In TIP 2017 Report there are also recommendations for Armenia which includes the following.

‘’Vigorously investigate, prosecute, and convict traffickers proactively investigate all potential trafficking offenses, even those complaints filed by victims that do not specifically mention trafficking; improve efforts to identify victims of forced labor, including by strengthening victim identification training for officials; allow labor inspectors to conduct regular inspections and identify victims through unannounced visits; establish formal procedures for repatriating trafficking victims from abroad, including measures to cover logistical costs; maintain adequate funding for NGO-run shelters; train rural police officers on protection and assistance available to victims and local investigators on proper interviewing techniques, especially for children; work with Russian authorities to identify Armenian forced labor victims and prosecute labor traffickers; work with NGOs to find ways to identify and assist Armenian victims in Turkey and reintegrate victims; provide sensitivity training to judges and lawyers to improve treatment of victims; license, regulate, and educate local employment agencies and agents so they can help prevent the forced labor of Armenians abroad; approve legislation to establish victim-witness protection measures; and conduct awareness-raising campaigns to rural and border communities and to children leaving child care institutions.’’

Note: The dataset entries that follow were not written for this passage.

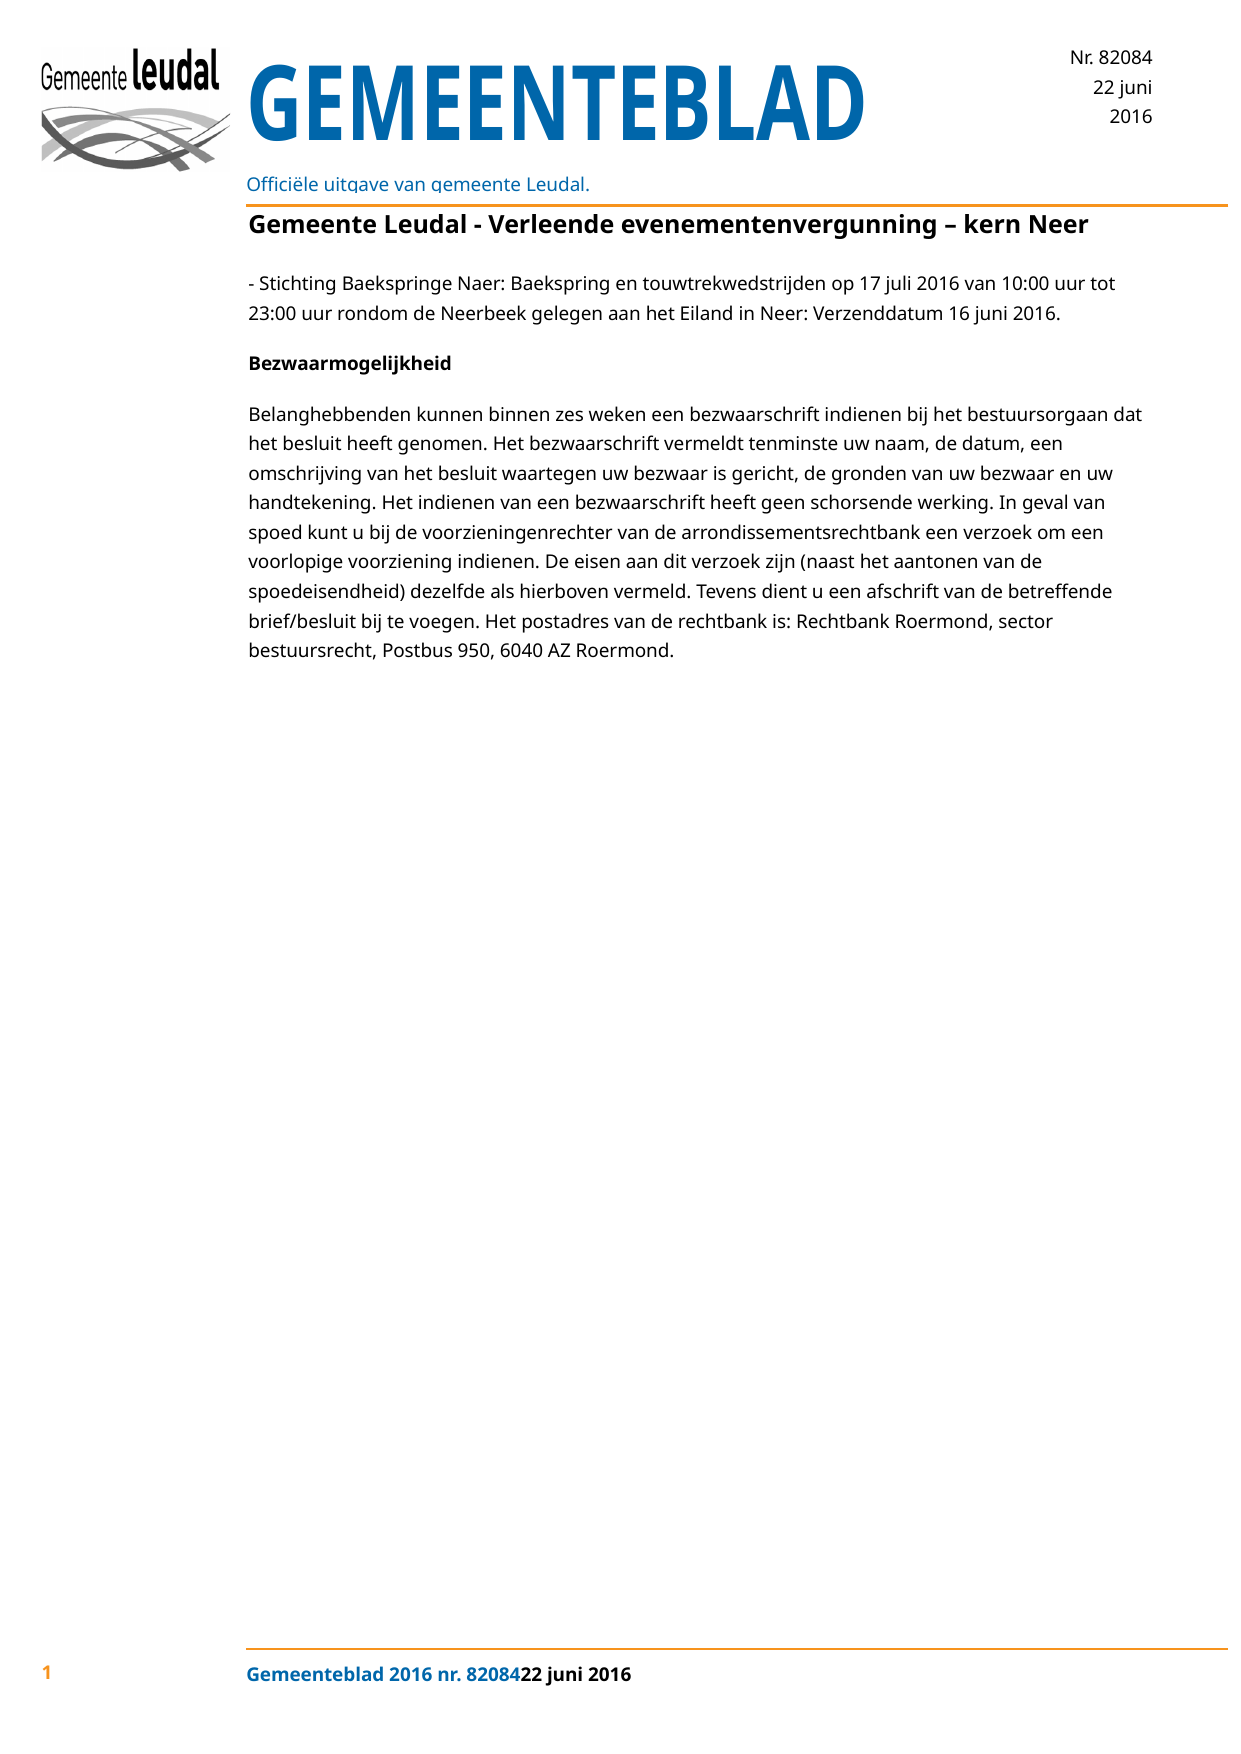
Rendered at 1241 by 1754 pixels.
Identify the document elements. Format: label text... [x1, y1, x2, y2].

picture [41, 47, 231, 172]
text Gemeente Leudal - Verleende evenementenvergunning – kern Neer [248, 207, 1152, 241]
text - Stichting Baekspringe Naer: Baekspring en touwtrekwedstrijden op 17 juli 2016 van 10:00 uur tot 23:00 uur rondom de Neerbeek gelegen aan het Eiland in Neer: Verzenddatum 16 juni 2016. [248, 270, 1152, 326]
text Belanghebbenden kunnen binnen zes weken een bezwaarschrift indienen bij het bestuursorgaan dat het besluit heeft genomen. Het bezwaarschrift vermeldt tenminste uw naam, de datum, een omschrijving van het besluit waartegen uw bezwaar is gericht, de gronden van uw bezwaar en uw handtekening. Het indienen van een bezwaarschrift heeft geen schorsende werking. In geval van spoed kunt u bij de voorzieningenrechter van de arrondissementsrechtbank een verzoek om een voorlopige voorziening indienen. De eisen aan dit verzoek zijn (naast het aantonen van de spoedeisendheid) dezelfde als hierboven vermeld. Tevens dient u een afschrift van de betreffende brief/besluit bij te voegen. Het postadres van de rechtbank is: Rechtbank Roermond, sector bestuursrecht, Postbus 950, 6040 AZ Roermond. [248, 401, 1152, 663]
text Bezwaarmogelijkheid [248, 350, 1152, 376]
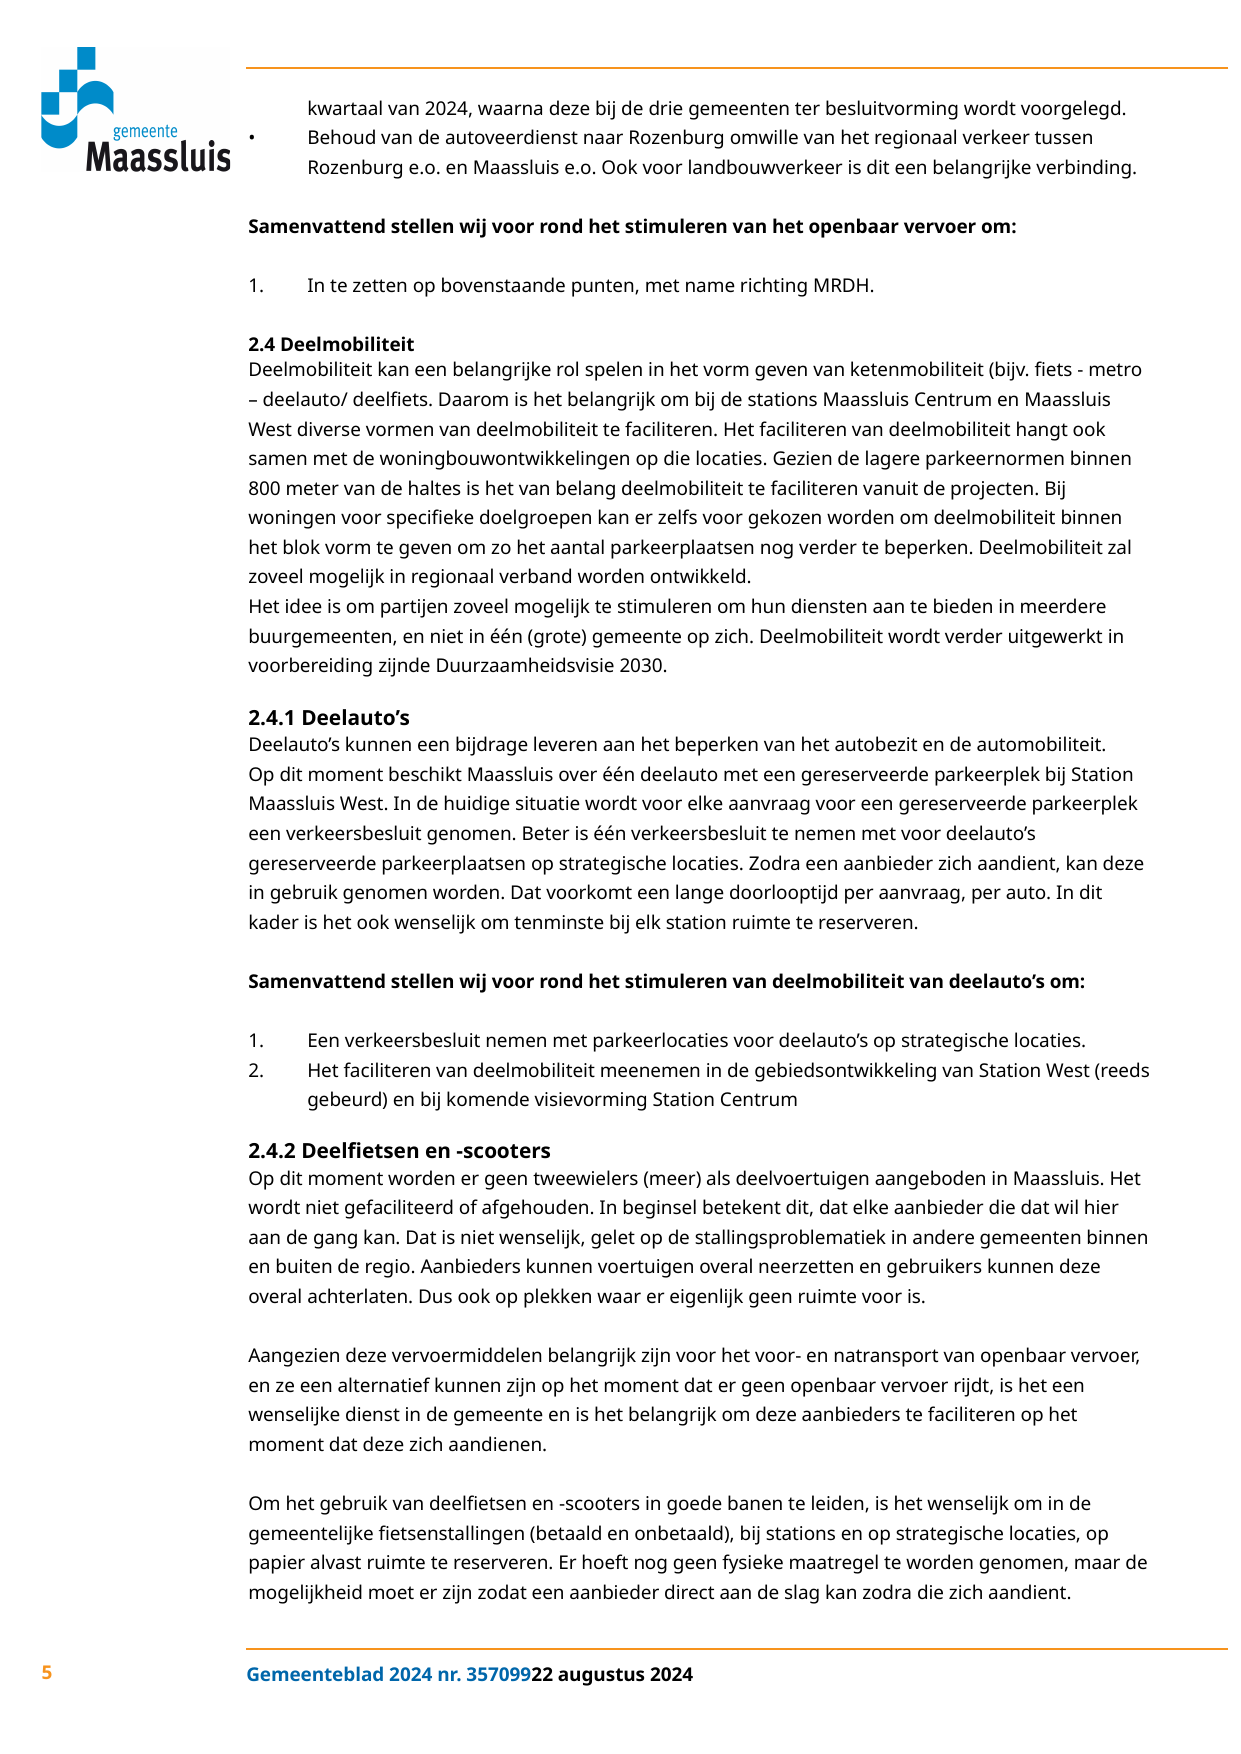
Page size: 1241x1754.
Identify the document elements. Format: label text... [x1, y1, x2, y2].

text 2.4 Deelmobiliteit [248, 331, 1152, 357]
text 2.4.2 Deelfietsen en -scooters [248, 1136, 1152, 1165]
list Behoud van de autoveerdienst naar Rozenburg omwille van het regionaal verkeer tussen Rozenburg e.o. en Maassluis e.o. Ook voor landbouwverkeer is dit een belangrijke verbinding. [248, 124, 1152, 180]
text Deelmobiliteit kan een belangrijke rol spelen in het vorm geven van ketenmobiliteit (bijv. fiets - metro – deelauto/ deelfiets. Daarom is het belangrijk om bij de stations Maassluis Centrum en Maassluis West diverse vormen van deelmobiliteit te faciliteren. Het faciliteren van deelmobiliteit hangt ook samen met de woningbouwontwikkelingen op die locaties. Gezien de lagere parkeernormen binnen 800 meter van de haltes is het van belang deelmobiliteit te faciliteren vanuit de projecten. Bij woningen voor specifieke doelgroepen kan er zelfs voor gekozen worden om deelmobiliteit binnen het blok vorm te geven om zo het aantal parkeerplaatsen nog verder te beperken. Deelmobiliteit zal zoveel mogelijk in regionaal verband worden ontwikkeld. [248, 357, 1152, 589]
text Deelauto’s kunnen een bijdrage leveren aan het beperken van het autobezit en de automobiliteit. [248, 731, 1152, 757]
text Op dit moment worden er geen tweewielers (meer) als deelvoertuigen aangeboden in Maassluis. Het wordt niet gefaciliteerd of afgehouden. In beginsel betekent dit, dat elke aanbieder die dat wil hier aan de gang kan. Dat is niet wenselijk, gelet op de stallingsproblematiek in andere gemeenten binnen en buiten de regio. Aanbieders kunnen voertuigen overal neerzetten en gebruikers kunnen deze overal achterlaten. Dus ook op plekken waar er eigenlijk geen ruimte voor is. [248, 1165, 1152, 1309]
text Aangezien deze vervoermiddelen belangrijk zijn voor het voor- en natransport van openbaar vervoer, en ze een alternatief kunnen zijn op het moment dat er geen openbaar vervoer rijdt, is het een wenselijke dienst in de gemeente en is het belangrijk om deze aanbieders te faciliteren op het moment dat deze zich aandienen. [248, 1342, 1152, 1457]
picture [41, 47, 231, 172]
text Op dit moment beschikt Maassluis over één deelauto met een gereserveerde parkeerplek bij Station Maassluis West. In de huidige situatie wordt voor elke aanvraag voor een gereserveerde parkeerplek een verkeersbesluit genomen. Beter is één verkeersbesluit te nemen met voor deelauto’s gereserveerde parkeerplaatsen op strategische locaties. Zodra een aanbieder zich aandient, kan deze in gebruik genomen worden. Dat voorkomt een lange doorlooptijd per aanvraag, per auto. In dit kader is het ook wenselijk om tenminste bij elk station ruimte te reserveren. [248, 761, 1152, 934]
text Het idee is om partijen zoveel mogelijk te stimuleren om hun diensten aan te bieden in meerdere buurgemeenten, en niet in één (grote) gemeente op zich. Deelmobiliteit wordt verder uitgewerkt in voorbereiding zijnde Duurzaamheidsvisie 2030. [248, 593, 1152, 678]
list kwartaal van 2024, waarna deze bij de drie gemeenten ter besluitvorming wordt voorgelegd. [248, 95, 1152, 121]
picture [41, 47, 77, 92]
text Om het gebruik van deelfietsen en -scooters in goede banen te leiden, is het wenselijk om in de gemeentelijke fietsenstallingen (betaald en onbetaald), bij stations en op strategische locaties, op papier alvast ruimte te reserveren. Er hoeft nog geen fysieke maatregel te worden genomen, maar de mogelijkheid moet er zijn zodat een aanbieder direct aan de slag kan zodra die zich aandient. [248, 1490, 1152, 1604]
text 2.4.1 Deelauto’s [248, 703, 1152, 731]
table_header Samenvattend stellen wij voor rond het stimuleren van deelmobiliteit van deelauto’s om: Een verkeersbesluit nemen met parkeerlocaties voor deelauto’s op strategische locaties. Het faciliteren van deelmobiliteit meenemen in de gebiedsontwikkeling van Station West (reeds gebeurd) en bij komende visievorming Station Centrum [248, 968, 1152, 1112]
table_header Samenvattend stellen wij voor rond het stimuleren van het openbaar vervoer om: In te zetten op bovenstaande punten, met name richting MRDH. [248, 213, 1152, 298]

According to RA Police, the main target country for labor trafficking from Armenia is Russia. The UAE and Turkey are the target countries for sexual exploitation of RA citizens.

In Armenian rural areas men with low levels of education and children from social care institutions are extremely vulnerable to human trafficking. Each year the steps for combating trafficking increase as well as operative actions are taken to detect such cases.

According to the official data of the RA police, Armenia actively cooperates with Russia and the UAE. The cooperation with law enforcement agencies is implemented by Interpol and in case of UAE sometimes through the Embassy of Armenia. Armenia does not have diplomatic relations with Turkey, the absence of which creates visible obstacles for search and detection of preventive measures.

Since 2007, the Council on Human Trafficking in Armenia has existed. The staff and procedure of the council is approved by the Prime Minister of RA. The council is composed of president, members and secretary who participate in council activities through a voluntary basis. The Council organizes its work through sessions, which are convened by the President of the Council. The Working Group (WG) has been established and operates to organize the current work of the Council. The Working Group develops afterwards Council approves the National Program on Combating human trafficking in Persons in RA, according to which the fight against human trafficking in Armenia has started in 2002.

The Government of Armenia has approved the concept of preventing illegal transportation and buying/selling people for exploitation (trafficking) from RA.

Four national programs have already been adopted and implemented. The 2016-2018 national program is in implementation process.

Being in the first group and establishing there strong position for 5 years has been the result of consistent struggle but this circumstance should never weaken the vigilance of governmental and non-governmental structures in the fight against trafficking.